# [Task statement]
Write out each record exactly as it stands. No pictures belong in the copy.
....
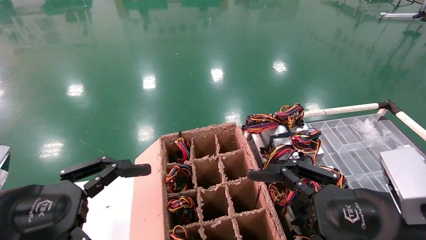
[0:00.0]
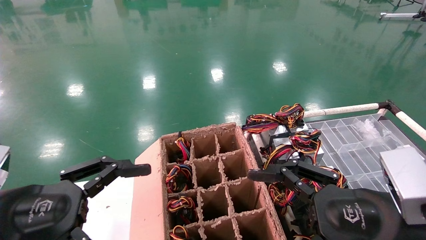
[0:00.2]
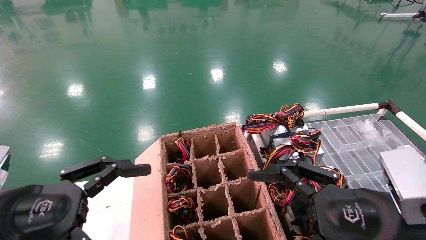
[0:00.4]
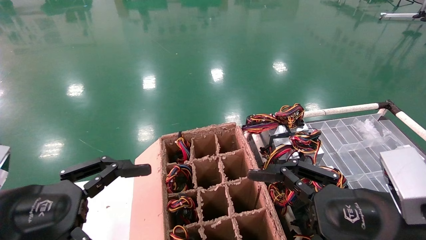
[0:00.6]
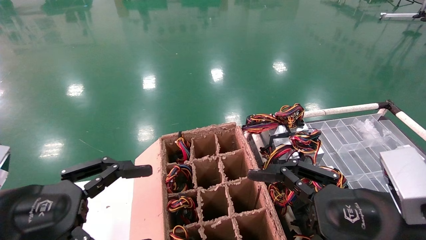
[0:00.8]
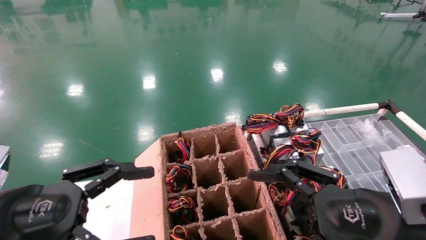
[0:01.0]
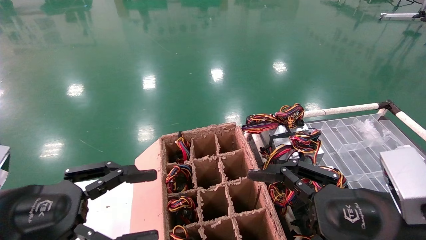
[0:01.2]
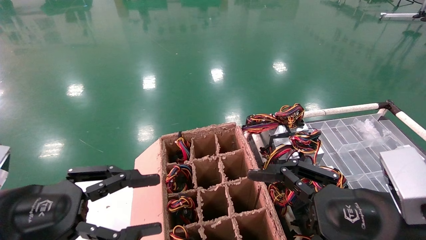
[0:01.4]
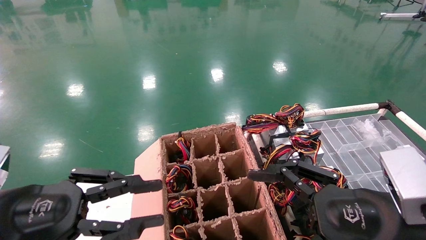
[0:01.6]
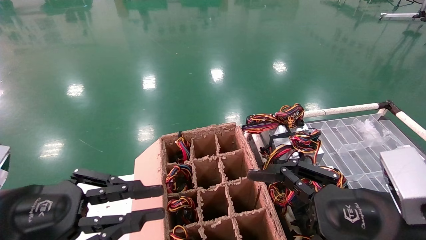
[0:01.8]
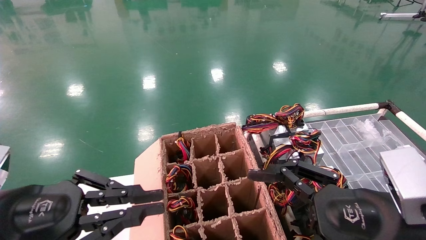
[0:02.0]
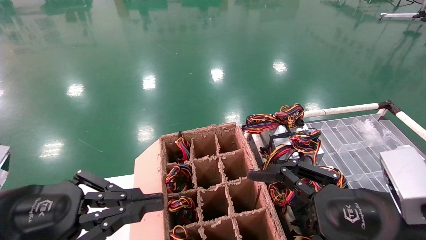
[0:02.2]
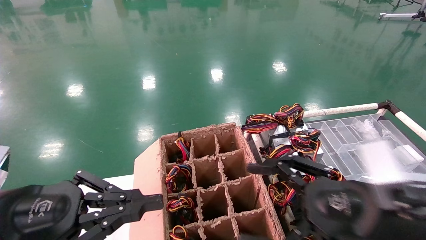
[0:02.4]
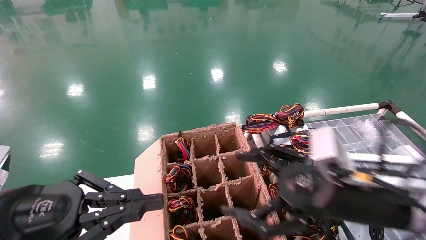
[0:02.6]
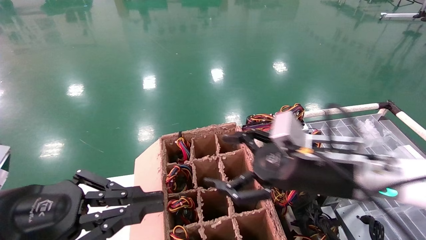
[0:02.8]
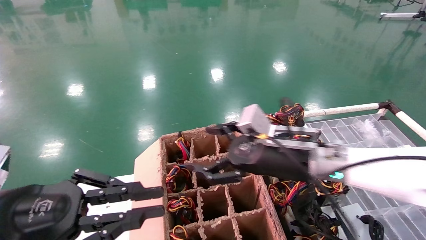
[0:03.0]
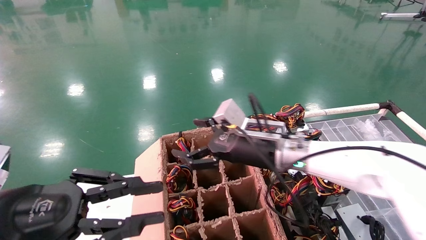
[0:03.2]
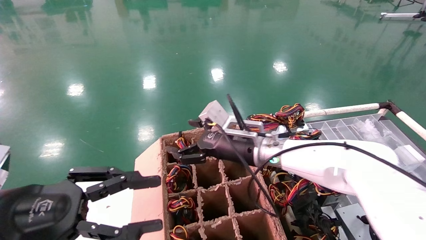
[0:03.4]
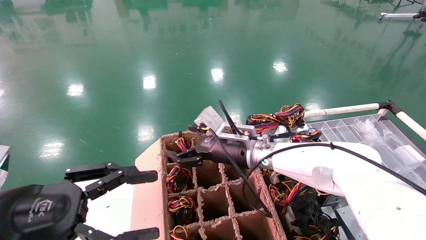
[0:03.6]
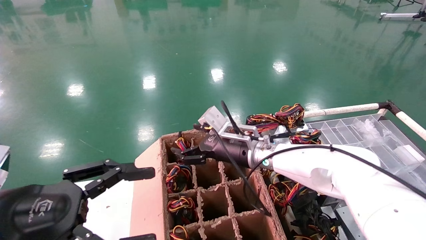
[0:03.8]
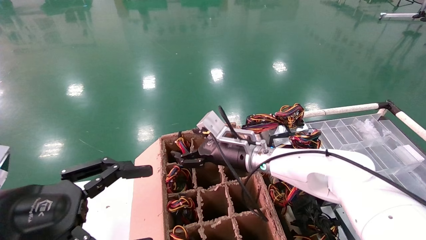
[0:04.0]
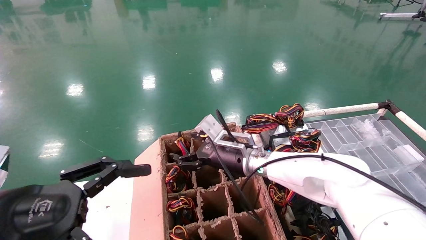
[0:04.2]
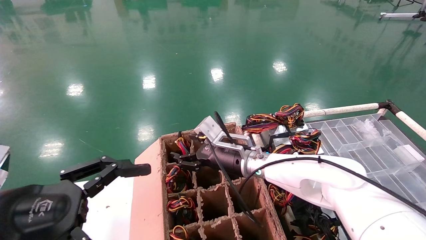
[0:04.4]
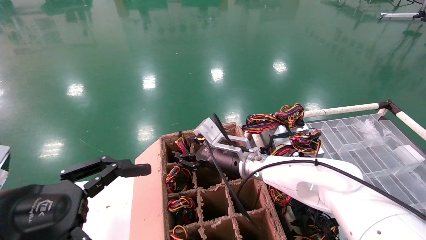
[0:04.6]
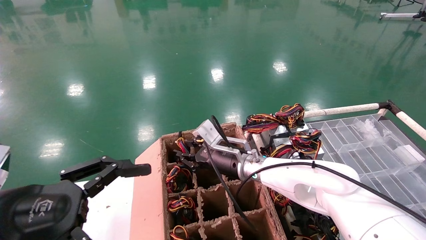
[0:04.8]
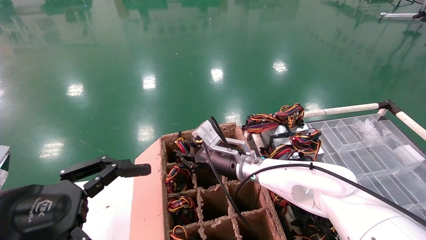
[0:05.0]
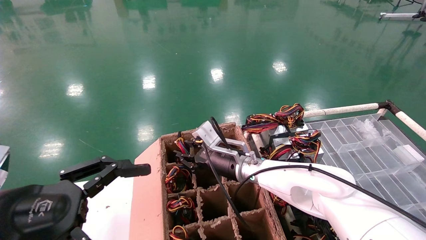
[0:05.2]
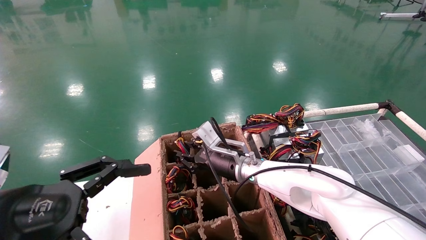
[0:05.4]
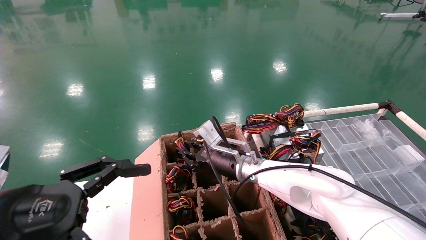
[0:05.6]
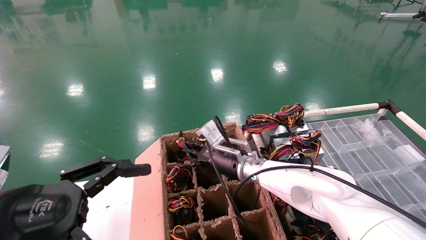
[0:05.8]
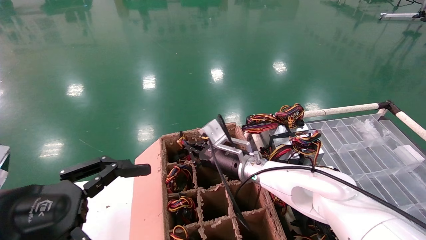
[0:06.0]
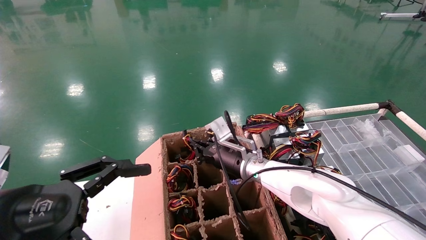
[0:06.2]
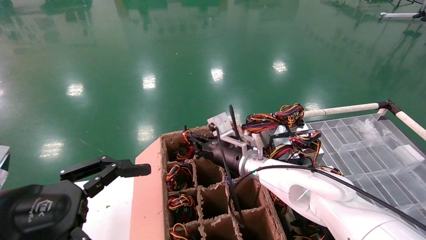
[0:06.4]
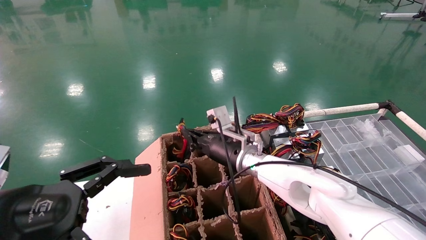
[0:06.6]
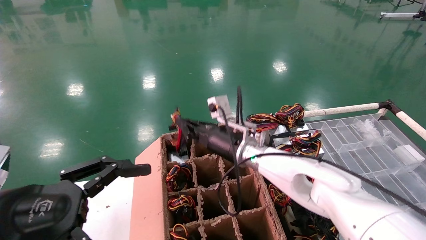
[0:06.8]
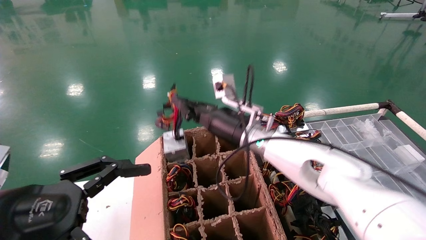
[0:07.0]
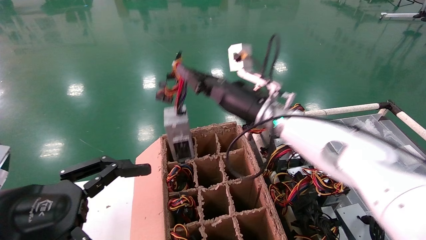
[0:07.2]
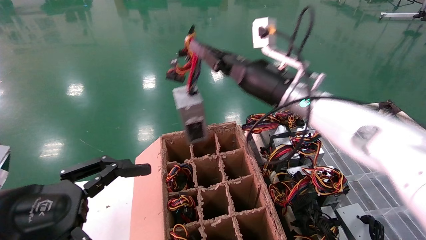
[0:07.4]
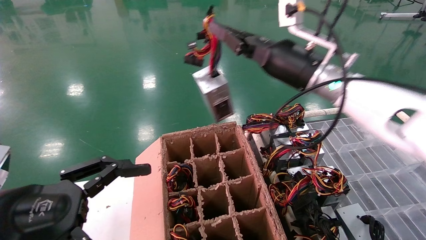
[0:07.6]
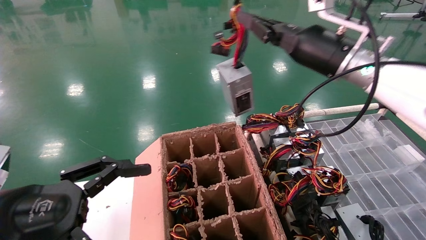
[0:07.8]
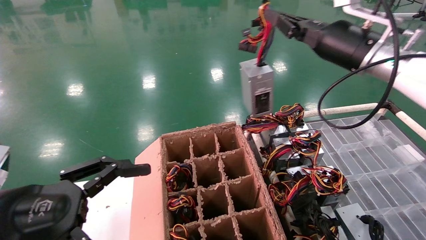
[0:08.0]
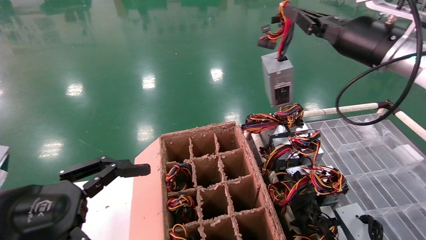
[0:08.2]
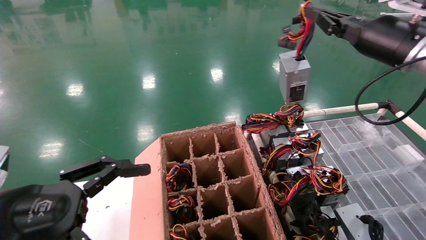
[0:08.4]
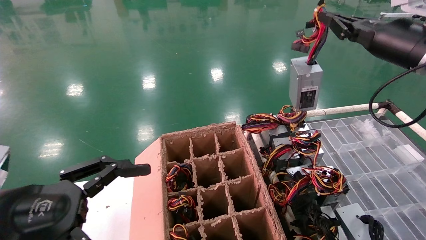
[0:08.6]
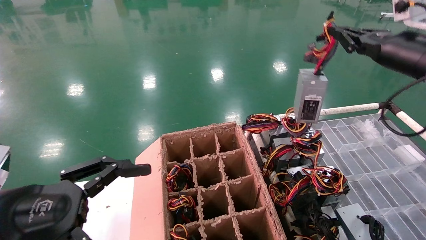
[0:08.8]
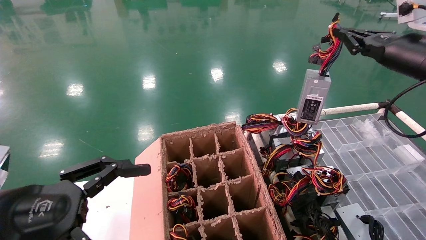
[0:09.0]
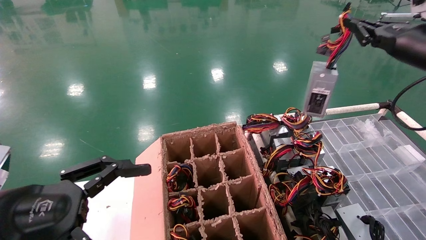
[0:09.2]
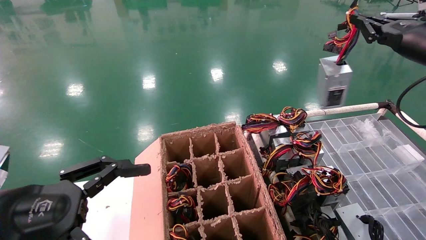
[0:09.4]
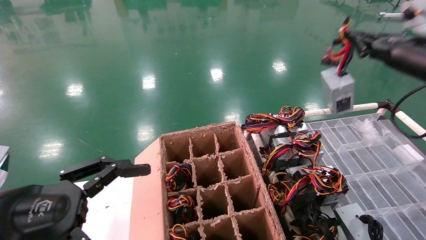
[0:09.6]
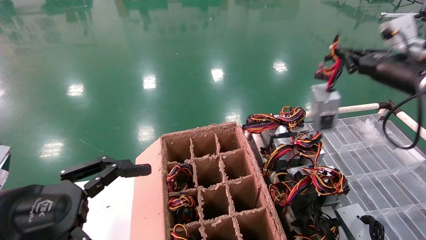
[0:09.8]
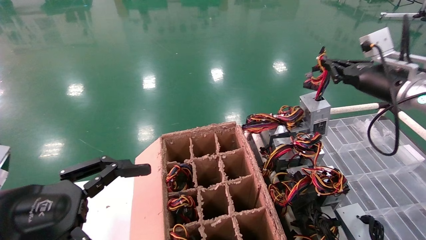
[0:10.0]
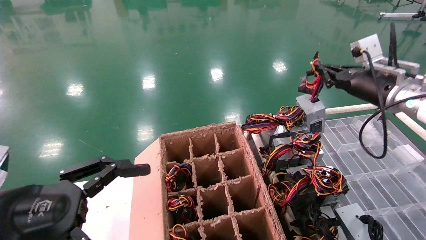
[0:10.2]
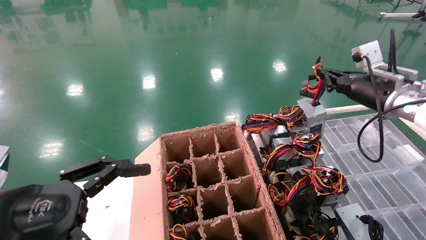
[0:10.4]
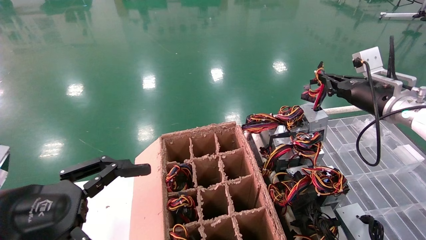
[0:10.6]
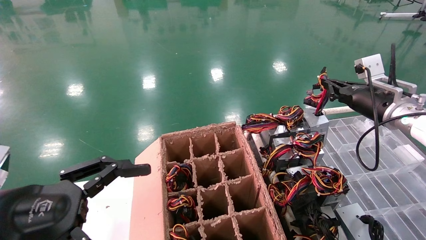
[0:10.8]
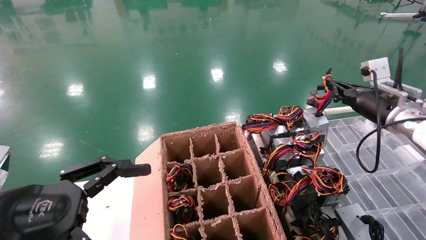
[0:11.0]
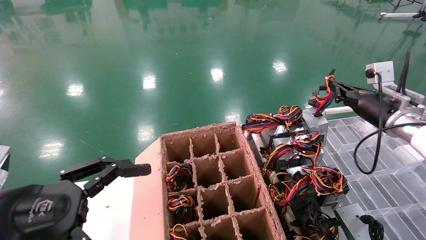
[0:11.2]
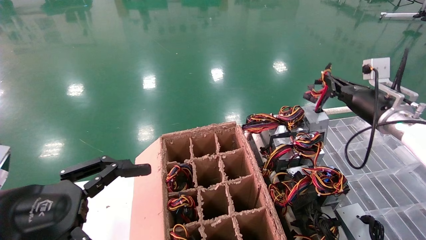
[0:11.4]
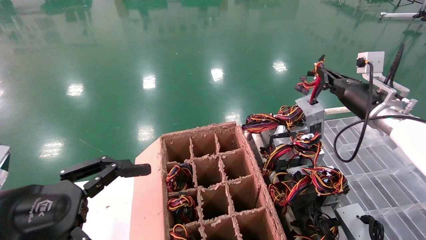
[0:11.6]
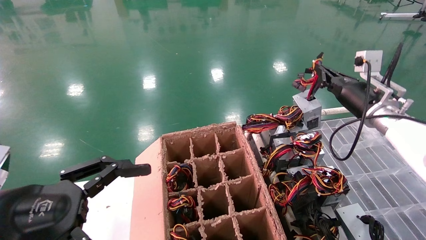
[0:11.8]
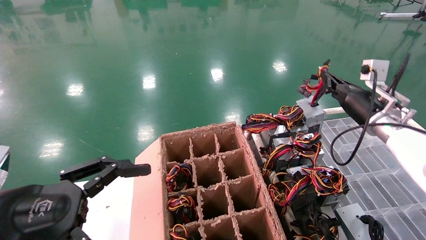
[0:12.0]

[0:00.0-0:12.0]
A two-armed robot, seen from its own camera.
....
# [Written reply]
[0:00.0]
[0:00.2]
[0:00.4]
[0:00.6]
[0:00.8]
[0:01.0]
[0:01.2]
[0:01.4]
[0:01.6]
[0:01.8]
[0:02.0]
[0:02.2]
[0:02.4]
[0:02.6]
[0:02.8]
[0:03.0]
[0:03.2]
[0:03.4]
[0:03.6]
[0:03.8]
[0:04.0]
[0:04.2]
[0:04.4]
[0:04.6]
[0:04.8]
[0:05.0]
[0:05.2]
[0:05.4]
[0:05.6]
[0:05.8]
[0:06.0]
[0:06.2]
[0:06.4]
[0:06.6]
[0:06.8]
[0:07.0]
[0:07.2]
[0:07.4]
[0:07.6]
[0:07.8]
[0:08.0]
[0:08.2]
[0:08.4]
[0:08.6]
[0:08.8]
[0:09.0]
[0:09.2]
[0:09.4]
[0:09.6]
[0:09.8]
[0:10.0]
[0:10.2]
[0:10.4]
[0:10.6]
[0:10.8]
[0:11.0]
[0:11.2]
[0:11.4]
[0:11.6]
[0:11.8]
[0:12.0]

[0:00.0-0:12.0]
A two-armed robot, seen from its own camera.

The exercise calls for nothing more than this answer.